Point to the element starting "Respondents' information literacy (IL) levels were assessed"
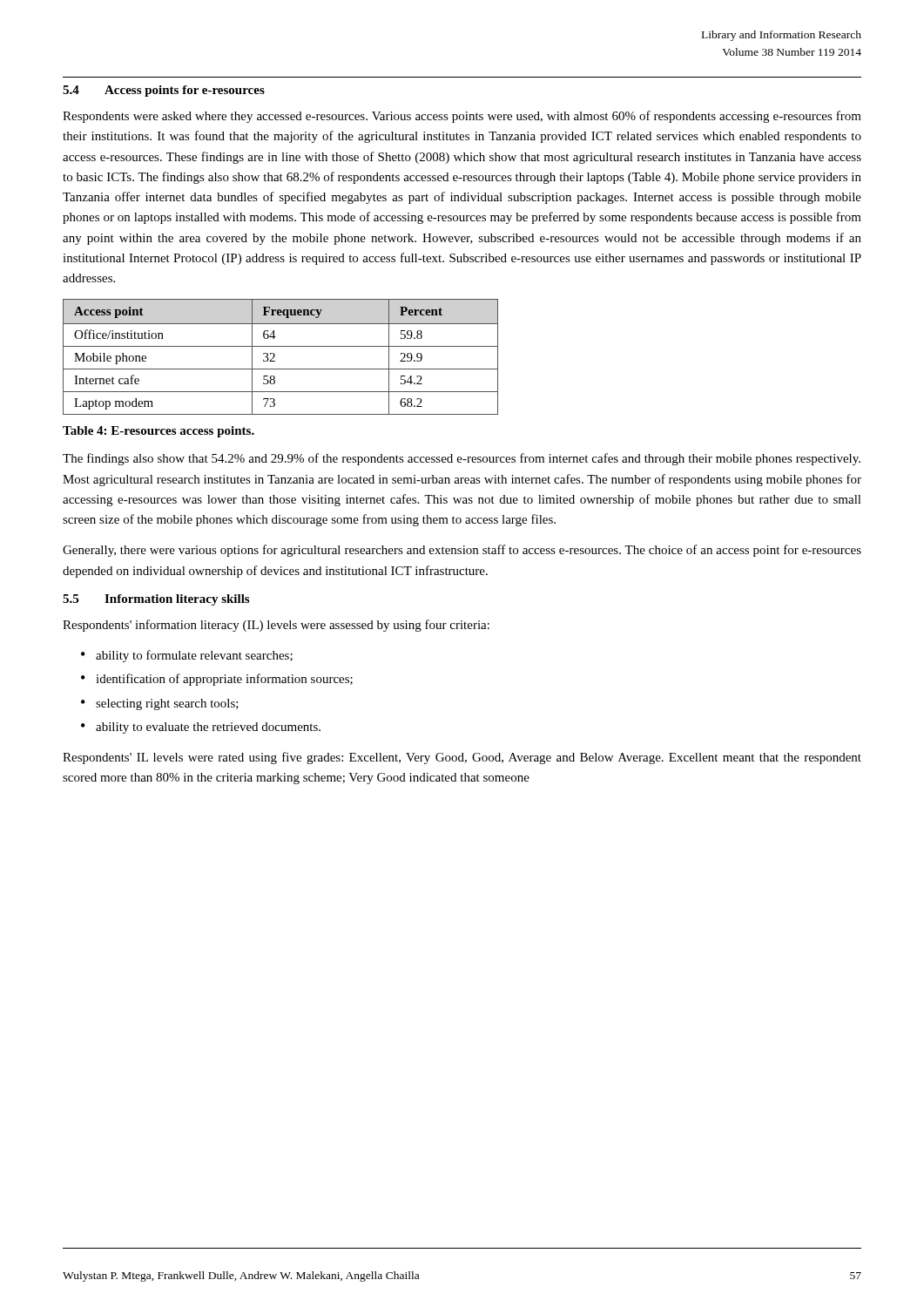Image resolution: width=924 pixels, height=1307 pixels. click(x=276, y=625)
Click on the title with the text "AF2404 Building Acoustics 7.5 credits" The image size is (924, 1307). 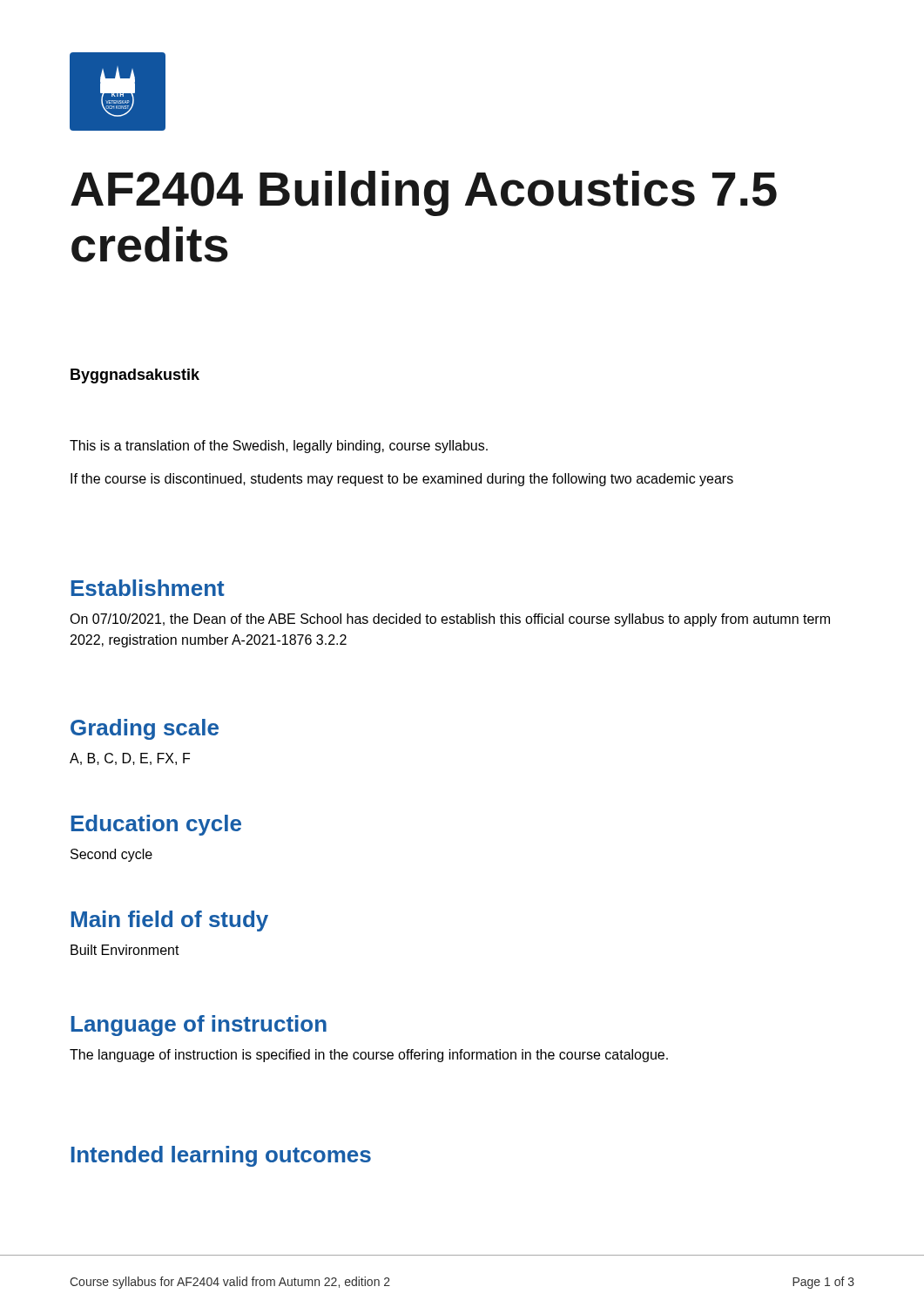click(x=462, y=217)
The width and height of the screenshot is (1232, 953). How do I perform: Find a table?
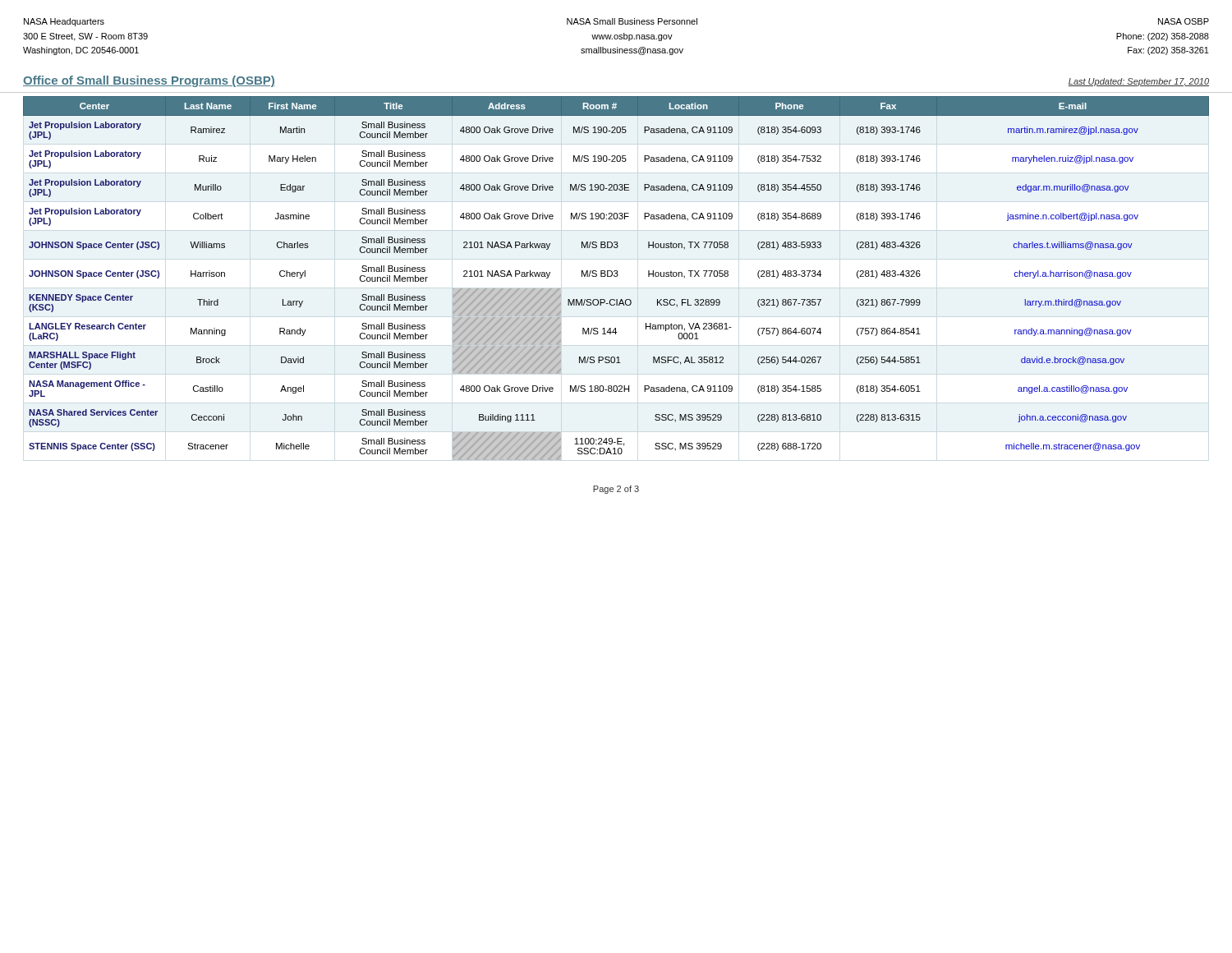coord(616,278)
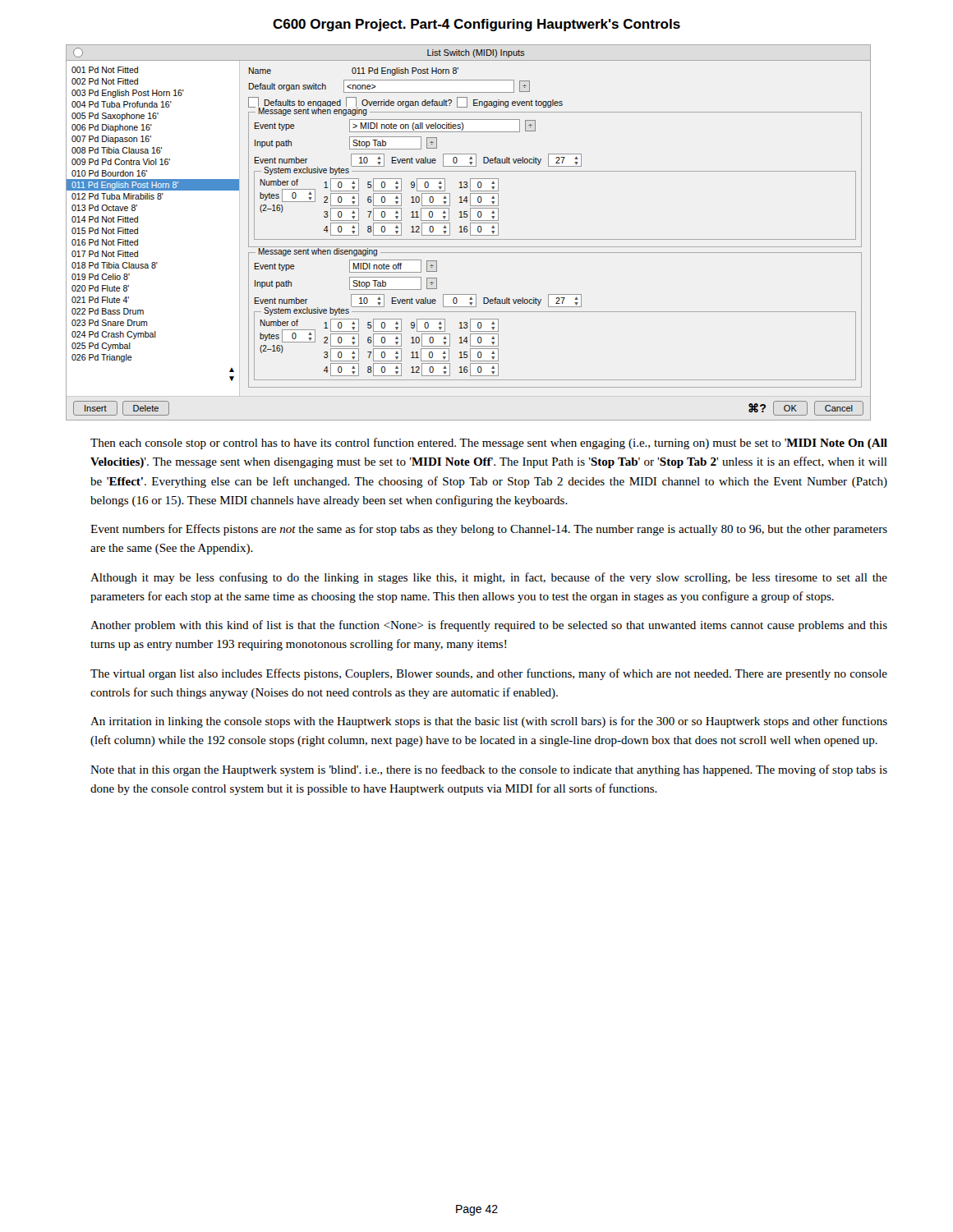Navigate to the region starting "Then each console stop or control"
The height and width of the screenshot is (1232, 953).
click(489, 471)

★ ★ ★ ★ ★ ★ ★

→ **Brief**: Write the lines from the line containing "The width and" through the last line of the data out again exactly, and only those lines; pictures stay out.

→ **Solution for this task**:
The width and height of the screenshot is (1232, 953). How do I perform: Find a table?
coord(616,278)
Navigate to the region starting "Then each console stop or control"
The height and width of the screenshot is (1232, 953).
click(489, 471)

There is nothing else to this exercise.